Fading Coder

One Final Commit for the Last Sprint

Home > Notes > Content

KMP (Knuth–Morris–Pratt) String Matching Algorithm

Notes 1

KMP (Knuth–Morris–Pratt) is a string matching algorithm well suited for finding a single match. For multiple matches, an improved Rabin-Karp is better.

Note: If you are preparing for an exam, do not read this article because it follows the original paper, which differs significantly from typical exam material.

This article is structured as follows (see sidebar for table of contents):

  1. Why KMP is often so difficult to understand in many resources, differences and caveats;
  2. Brief introduction and characteristics of KMP;
  3. How KMP works;
  4. The logic behind KMP;
  5. How the next array is computed;
  6. Why the next array yields the appropriate shift;
  7. Complete code.

The reason for introducing how it works before the logic is to let you see KMP in action first, making the logic easier to understand. Do not force through the "how it works" section – I know many blog examples are poor and incomplete. (The example from the original paper covers the three necessary cases very well, although it is a bit long.)

I also provide many examples in later sections that can help with memorization. After reading them, you can revisit the original paper's example and understand it instantly, saving time.

Some Rants

KMP is a culmination of work by three formidable individuals:

  • Donald Knuth: Author of TAOCP and TeX, Turing Award winner in 1974.
  • James H. Morris: Professor Emeritus of Computer Science at Carnegie Mellon University.
  • Vaughan Pratt: Student of Knuth, completed his Stanford PhD in 20 months, became Professor Emeritus at Stanford in 2000.

This background (especially Knuth) makes the algorithm's underlying principles not so easy to grasp. I spent a day understanding what KMP is and how it relates to the various descriptions in textbooks and papers. This made the learning process somewhat amusing.

When studying KMP, I found that domestic textbooks often present it as an improvement over the naive algorithm, introducing the next array (partial match table), which records the length of the longest proper prefix that is also a suffix for each position in the substring. I don't know if you understood that explanation; I certainly didn't.

Then I found that Introduction to Algorithms approaches it as an improvement over finite automata, mentioning prefix computation with heavy mathematical rigor. I got some insight but had no clue how to write the code.

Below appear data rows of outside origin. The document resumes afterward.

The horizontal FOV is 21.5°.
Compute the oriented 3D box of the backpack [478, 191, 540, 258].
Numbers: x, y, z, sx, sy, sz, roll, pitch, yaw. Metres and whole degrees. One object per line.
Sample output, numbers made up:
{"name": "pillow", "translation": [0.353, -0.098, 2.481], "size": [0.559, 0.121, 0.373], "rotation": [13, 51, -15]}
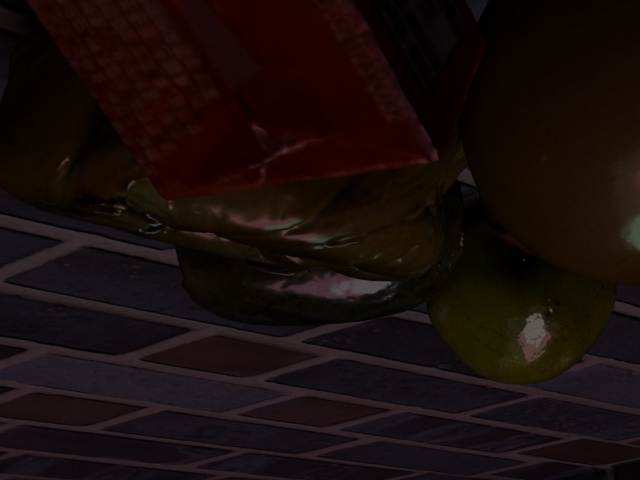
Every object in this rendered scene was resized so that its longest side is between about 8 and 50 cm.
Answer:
{"name": "backpack", "translation": [0.268, -0.040, 1.523], "size": [0.229, 0.139, 0.229], "rotation": [-2, 158, -1]}

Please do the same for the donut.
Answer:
{"name": "donut", "translation": [-0.056, -0.068, 1.237], "size": [0.360, 0.170, 0.360], "rotation": [11, 177, 1]}

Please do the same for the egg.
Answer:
{"name": "egg", "translation": [0.228, -0.110, 1.116], "size": [0.250, 0.250, 0.322], "rotation": [2, 146, -22]}

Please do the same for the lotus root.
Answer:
{"name": "lotus root", "translation": [0.000, 0.000, 1.564], "size": [0.274, 0.152, 0.160], "rotation": [-9, 153, 7]}

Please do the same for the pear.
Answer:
{"name": "pear", "translation": [0.209, 0.054, 1.750], "size": [0.198, 0.198, 0.198], "rotation": [-4, 162, -1]}

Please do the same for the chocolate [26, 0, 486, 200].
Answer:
{"name": "chocolate", "translation": [-0.049, -0.148, 0.932], "size": [0.234, 0.108, 0.237], "rotation": [-8, 121, 47]}

Neither explanation satisfied me.

Online blogs and code either follow the domestic textbook explanation or the Introduction to Algorithms one, or no explanation at all, yielding the same result.

Finally, I read the original KMP paper and understood why both domestic textbooks and Introduction to Algorithms are unclear: the algorithm is too clever to be explained simply. Also, although Knuth is now a giant, this paper was written early, with immature writing style and no fixed format, resulting in a somewhat loose structure.

Then the funniest part: different resources compute the KMP next array differently, so I've never seen an exam that asks to compute it because it's not unique. How non-unique is it?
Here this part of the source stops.